# New header from AEBS for 2.5S



## PhilGood (Dec 1, 2002)

There is a new header from AEBS which looks very promising... better than Hotshot??? http://www.b15sentra.net/forums/showthread.php?s=&threadid=45034

It's great to see more and more aftermarket parts for QR25DE!


----------



## Slurppie (Oct 15, 2002)

thanks for the info, hopefully AEBS will update their site with some info on it soon.


----------



## Ruben (Oct 15, 2002)

These headers only remove the pre-cat?

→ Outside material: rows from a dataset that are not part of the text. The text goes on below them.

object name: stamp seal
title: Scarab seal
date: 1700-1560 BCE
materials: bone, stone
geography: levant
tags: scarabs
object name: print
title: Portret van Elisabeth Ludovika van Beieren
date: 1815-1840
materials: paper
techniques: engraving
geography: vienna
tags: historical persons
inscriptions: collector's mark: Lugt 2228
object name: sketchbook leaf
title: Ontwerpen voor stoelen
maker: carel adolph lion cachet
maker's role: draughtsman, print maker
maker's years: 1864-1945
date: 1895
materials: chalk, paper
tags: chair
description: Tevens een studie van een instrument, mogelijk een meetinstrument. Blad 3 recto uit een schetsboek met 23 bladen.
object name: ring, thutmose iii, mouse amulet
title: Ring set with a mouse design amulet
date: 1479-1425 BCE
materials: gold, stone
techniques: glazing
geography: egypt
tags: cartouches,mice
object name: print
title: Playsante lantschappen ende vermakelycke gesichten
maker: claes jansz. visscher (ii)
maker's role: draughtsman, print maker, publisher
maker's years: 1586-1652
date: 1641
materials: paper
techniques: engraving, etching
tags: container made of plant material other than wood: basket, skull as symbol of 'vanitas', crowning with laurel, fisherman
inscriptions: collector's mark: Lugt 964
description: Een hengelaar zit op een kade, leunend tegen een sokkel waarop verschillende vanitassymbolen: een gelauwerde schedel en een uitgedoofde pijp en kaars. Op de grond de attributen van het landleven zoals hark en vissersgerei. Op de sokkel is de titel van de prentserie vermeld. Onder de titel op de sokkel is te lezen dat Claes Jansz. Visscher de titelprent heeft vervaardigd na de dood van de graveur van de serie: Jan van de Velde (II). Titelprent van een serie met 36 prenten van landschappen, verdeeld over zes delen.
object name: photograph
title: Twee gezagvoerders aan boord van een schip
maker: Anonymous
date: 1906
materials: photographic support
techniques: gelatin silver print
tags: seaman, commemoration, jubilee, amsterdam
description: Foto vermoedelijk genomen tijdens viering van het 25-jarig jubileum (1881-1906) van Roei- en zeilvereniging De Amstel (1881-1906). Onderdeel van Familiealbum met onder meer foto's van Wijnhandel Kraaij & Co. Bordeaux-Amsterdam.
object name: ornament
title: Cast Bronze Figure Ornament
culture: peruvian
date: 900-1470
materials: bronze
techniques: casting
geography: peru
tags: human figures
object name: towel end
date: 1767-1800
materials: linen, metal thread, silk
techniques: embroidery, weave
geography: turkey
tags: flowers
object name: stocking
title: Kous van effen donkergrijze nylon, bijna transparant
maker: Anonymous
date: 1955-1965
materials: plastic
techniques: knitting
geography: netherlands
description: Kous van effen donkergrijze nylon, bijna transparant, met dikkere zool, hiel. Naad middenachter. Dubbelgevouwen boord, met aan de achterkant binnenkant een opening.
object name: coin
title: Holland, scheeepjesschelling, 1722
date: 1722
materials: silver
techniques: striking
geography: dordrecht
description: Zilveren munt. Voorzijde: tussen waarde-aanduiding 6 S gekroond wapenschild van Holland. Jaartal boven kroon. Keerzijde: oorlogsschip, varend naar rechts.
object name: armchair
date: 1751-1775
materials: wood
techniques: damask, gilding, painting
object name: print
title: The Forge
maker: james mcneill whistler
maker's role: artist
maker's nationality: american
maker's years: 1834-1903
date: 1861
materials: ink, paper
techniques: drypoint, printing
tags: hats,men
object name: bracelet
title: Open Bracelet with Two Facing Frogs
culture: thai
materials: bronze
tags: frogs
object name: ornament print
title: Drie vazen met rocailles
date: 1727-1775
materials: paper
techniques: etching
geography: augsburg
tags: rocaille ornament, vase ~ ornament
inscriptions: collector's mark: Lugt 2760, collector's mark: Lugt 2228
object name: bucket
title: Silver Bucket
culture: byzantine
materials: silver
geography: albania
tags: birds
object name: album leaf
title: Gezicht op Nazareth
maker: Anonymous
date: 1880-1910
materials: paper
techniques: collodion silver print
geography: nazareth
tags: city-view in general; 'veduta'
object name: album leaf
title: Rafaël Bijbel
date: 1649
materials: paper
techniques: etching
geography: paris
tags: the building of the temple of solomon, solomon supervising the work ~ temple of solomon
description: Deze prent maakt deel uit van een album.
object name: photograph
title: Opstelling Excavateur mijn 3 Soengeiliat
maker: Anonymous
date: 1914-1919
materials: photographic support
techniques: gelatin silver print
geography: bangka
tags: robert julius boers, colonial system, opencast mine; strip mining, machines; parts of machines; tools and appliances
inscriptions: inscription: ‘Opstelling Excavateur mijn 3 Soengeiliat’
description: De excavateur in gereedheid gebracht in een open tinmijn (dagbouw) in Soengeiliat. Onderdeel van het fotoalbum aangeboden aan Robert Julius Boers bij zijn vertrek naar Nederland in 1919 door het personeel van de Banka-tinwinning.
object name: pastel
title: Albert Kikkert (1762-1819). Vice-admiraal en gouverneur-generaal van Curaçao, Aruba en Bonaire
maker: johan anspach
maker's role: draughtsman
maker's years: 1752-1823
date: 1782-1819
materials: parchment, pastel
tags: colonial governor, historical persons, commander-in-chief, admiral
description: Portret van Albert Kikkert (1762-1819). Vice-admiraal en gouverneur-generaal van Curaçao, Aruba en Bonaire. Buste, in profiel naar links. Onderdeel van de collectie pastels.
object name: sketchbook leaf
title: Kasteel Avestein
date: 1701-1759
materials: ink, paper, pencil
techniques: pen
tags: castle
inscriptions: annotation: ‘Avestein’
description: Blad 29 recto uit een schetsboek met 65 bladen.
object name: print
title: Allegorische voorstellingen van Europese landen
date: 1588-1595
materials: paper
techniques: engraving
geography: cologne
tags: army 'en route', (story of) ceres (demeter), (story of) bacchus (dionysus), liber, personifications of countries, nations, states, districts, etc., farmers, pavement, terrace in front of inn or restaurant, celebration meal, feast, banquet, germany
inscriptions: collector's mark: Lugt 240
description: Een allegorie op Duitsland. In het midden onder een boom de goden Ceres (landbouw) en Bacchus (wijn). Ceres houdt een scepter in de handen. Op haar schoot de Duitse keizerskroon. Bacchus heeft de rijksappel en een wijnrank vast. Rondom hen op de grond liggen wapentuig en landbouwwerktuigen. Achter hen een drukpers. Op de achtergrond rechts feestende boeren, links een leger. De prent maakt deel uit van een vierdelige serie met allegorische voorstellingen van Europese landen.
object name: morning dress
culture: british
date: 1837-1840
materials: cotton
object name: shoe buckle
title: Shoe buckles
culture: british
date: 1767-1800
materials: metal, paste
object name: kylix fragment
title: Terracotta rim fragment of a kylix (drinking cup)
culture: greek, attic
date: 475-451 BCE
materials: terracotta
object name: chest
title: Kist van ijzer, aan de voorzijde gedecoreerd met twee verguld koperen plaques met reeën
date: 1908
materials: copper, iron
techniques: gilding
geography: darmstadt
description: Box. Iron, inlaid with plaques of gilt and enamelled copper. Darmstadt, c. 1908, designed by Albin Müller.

Or is there even a pre-cat on the 2.5? Is the main cat stay in place?


----------



## PhilGood (Dec 1, 2002)

It's a full header, down pipe, main cat setup for Spec-V. No news for what's the setup up on Altima 2.5 but at least the header will fit (replace pre-cat and stock header like the HotShot)


----------



## Ruben (Oct 15, 2002)

Messing with the emissions gear.... isn't one of the few things that will void your entire drive train warranty?


----------



## PhilGood (Dec 1, 2002)

Well, it's bolt ons so you can go back to stock any time you want


----------



## Ruben (Oct 15, 2002)

You're right... one of the reasons I keep all my OEM parts when modding.


----------